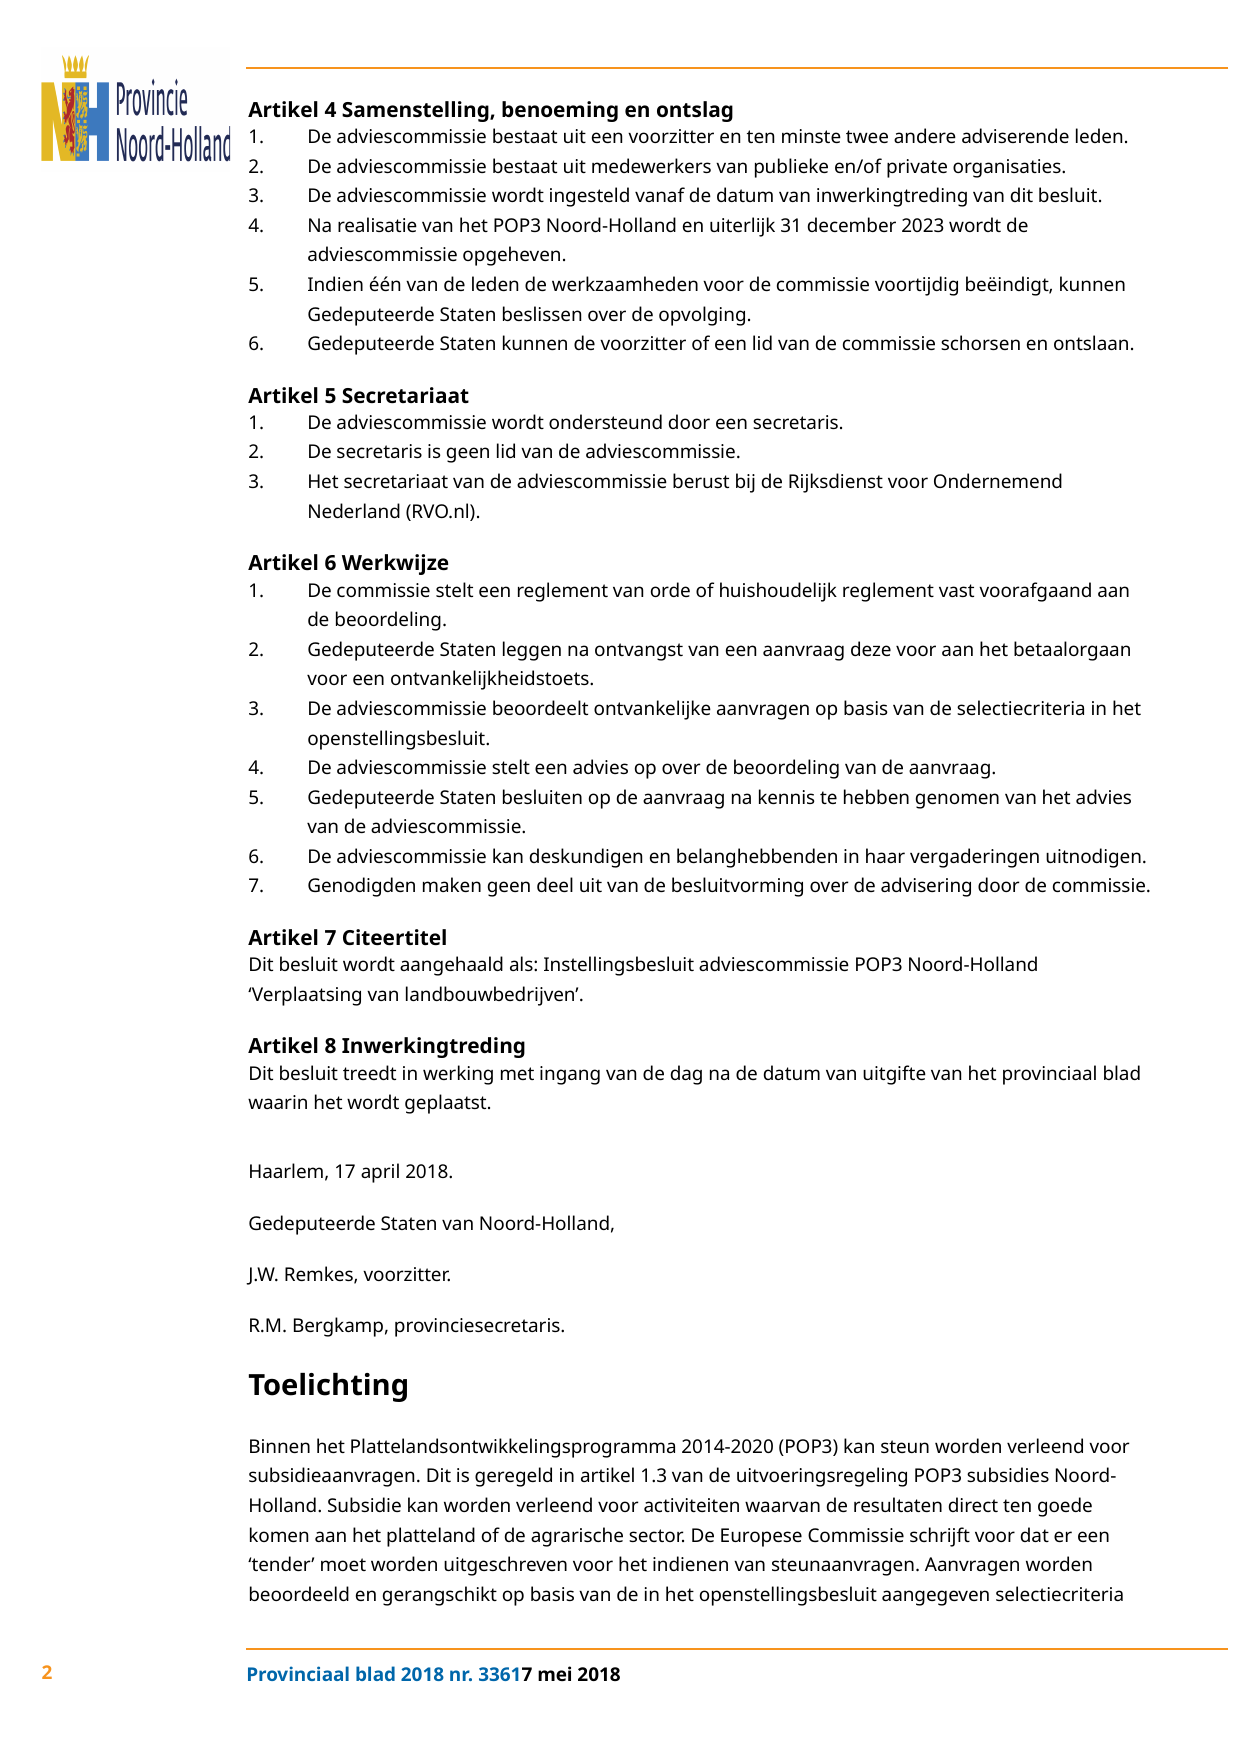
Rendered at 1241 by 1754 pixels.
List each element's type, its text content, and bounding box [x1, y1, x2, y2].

list Het secretariaat van de adviescommissie berust bij de Rijksdienst voor Ondernemend Nederland (RVO.nl). [248, 468, 1152, 524]
list De adviescommissie stelt een advies op over de beoordeling van de aanvraag. [248, 754, 1152, 780]
list De commissie stelt een reglement van orde of huishoudelijk reglement vast voorafgaand aan de beoordeling. [248, 577, 1152, 632]
text Gedeputeerde Staten van Noord-Holland, [248, 1210, 1152, 1236]
text Artikel 8 Inwerkingtreding [248, 1031, 1152, 1060]
text Artikel 6 Werkwijze [248, 548, 1152, 577]
list De adviescommissie wordt ondersteund door een secretaris. [248, 409, 1152, 435]
list De adviescommissie bestaat uit medewerkers van publieke en/of private organisaties. [248, 153, 1152, 178]
text Binnen het Plattelandsontwikkelingsprogramma 2014-2020 (POP3) kan steun worden verleend voor subsidieaanvragen. Dit is geregeld in artikel 1.3 van de uitvoeringsregeling POP3 subsidies Noord-Holland. Subsidie kan worden verleend voor activiteiten waarvan de resultaten direct ten goede komen aan het platteland of de agrarische sector. De Europese Commissie schrijft voor dat er een ‘tender’ moet worden uitgeschreven voor het indienen van steunaanvragen. Aanvragen worden beoordeeld en gerangschikt op basis van de in het openstellingsbesluit aangegeven selectiecriteria [248, 1433, 1152, 1607]
text Toelichting [248, 1364, 1152, 1404]
text Artikel 7 Citeertitel [248, 923, 1152, 951]
list Genodigden maken geen deel uit van de besluitvorming over de advisering door de commissie. [248, 873, 1152, 898]
list De adviescommissie bestaat uit een voorzitter en ten minste twee andere adviserende leden. [248, 123, 1152, 149]
text Dit besluit wordt aangehaald als: Instellingsbesluit adviescommissie POP3 Noord-Holland ‘Verplaatsing van landbouwbedrijven’. [248, 951, 1152, 1007]
text J.W. Remkes, voorzitter. [248, 1261, 1152, 1287]
text R.M. Bergkamp, provinciesecretaris. [248, 1313, 1152, 1338]
list Na realisatie van het POP3 Noord-Holland en uiterlijk 31 december 2023 wordt de adviescommissie opgeheven. [248, 212, 1152, 267]
text Dit besluit treedt in werking met ingang van de dag na de datum van uitgifte van het provinciaal blad waarin het wordt geplaatst. [248, 1060, 1152, 1115]
list De secretaris is geen lid van de adviescommissie. [248, 439, 1152, 464]
list Gedeputeerde Staten leggen na ontvangst van een aanvraag deze voor aan het betaalorgaan voor een ontvankelijkheidstoets. [248, 636, 1152, 691]
picture [41, 47, 231, 172]
text Artikel 5 Secretariaat [248, 381, 1152, 409]
list Indien één van de leden de werkzaamheden voor de commissie voortijdig beëindigt, kunnen Gedeputeerde Staten beslissen over de opvolging. [248, 271, 1152, 326]
text Artikel 4 Samenstelling, benoeming en ontslag [248, 95, 1152, 123]
text Haarlem, 17 april 2018. [248, 1158, 1152, 1184]
list De adviescommissie kan deskundigen en belanghebbenden in haar vergaderingen uitnodigen. [248, 843, 1152, 869]
list Gedeputeerde Staten besluiten op de aanvraag na kennis te hebben genomen van het advies van de adviescommissie. [248, 784, 1152, 839]
list Gedeputeerde Staten kunnen de voorzitter of een lid van de commissie schorsen en ontslaan. [248, 330, 1152, 356]
list De adviescommissie wordt ingesteld vanaf de datum van inwerkingtreding van dit besluit. [248, 182, 1152, 208]
list De adviescommissie beoordeelt ontvankelijke aanvragen op basis van de selectiecriteria in het openstellingsbesluit. [248, 695, 1152, 750]
◇ ◇ ◇ ◇ ◇
TASK REQUIREMENTS | Filter the records for lines containing the word "stelt" and copy each one.

FINAL ANSWER |
list De adviescommissie stelt een advies op over de beoordeling van de aanvraag. [248, 754, 1152, 780]
list De commissie stelt een reglement van orde of huishoudelijk reglement vast voorafgaand aan de beoordeling. [248, 577, 1152, 632]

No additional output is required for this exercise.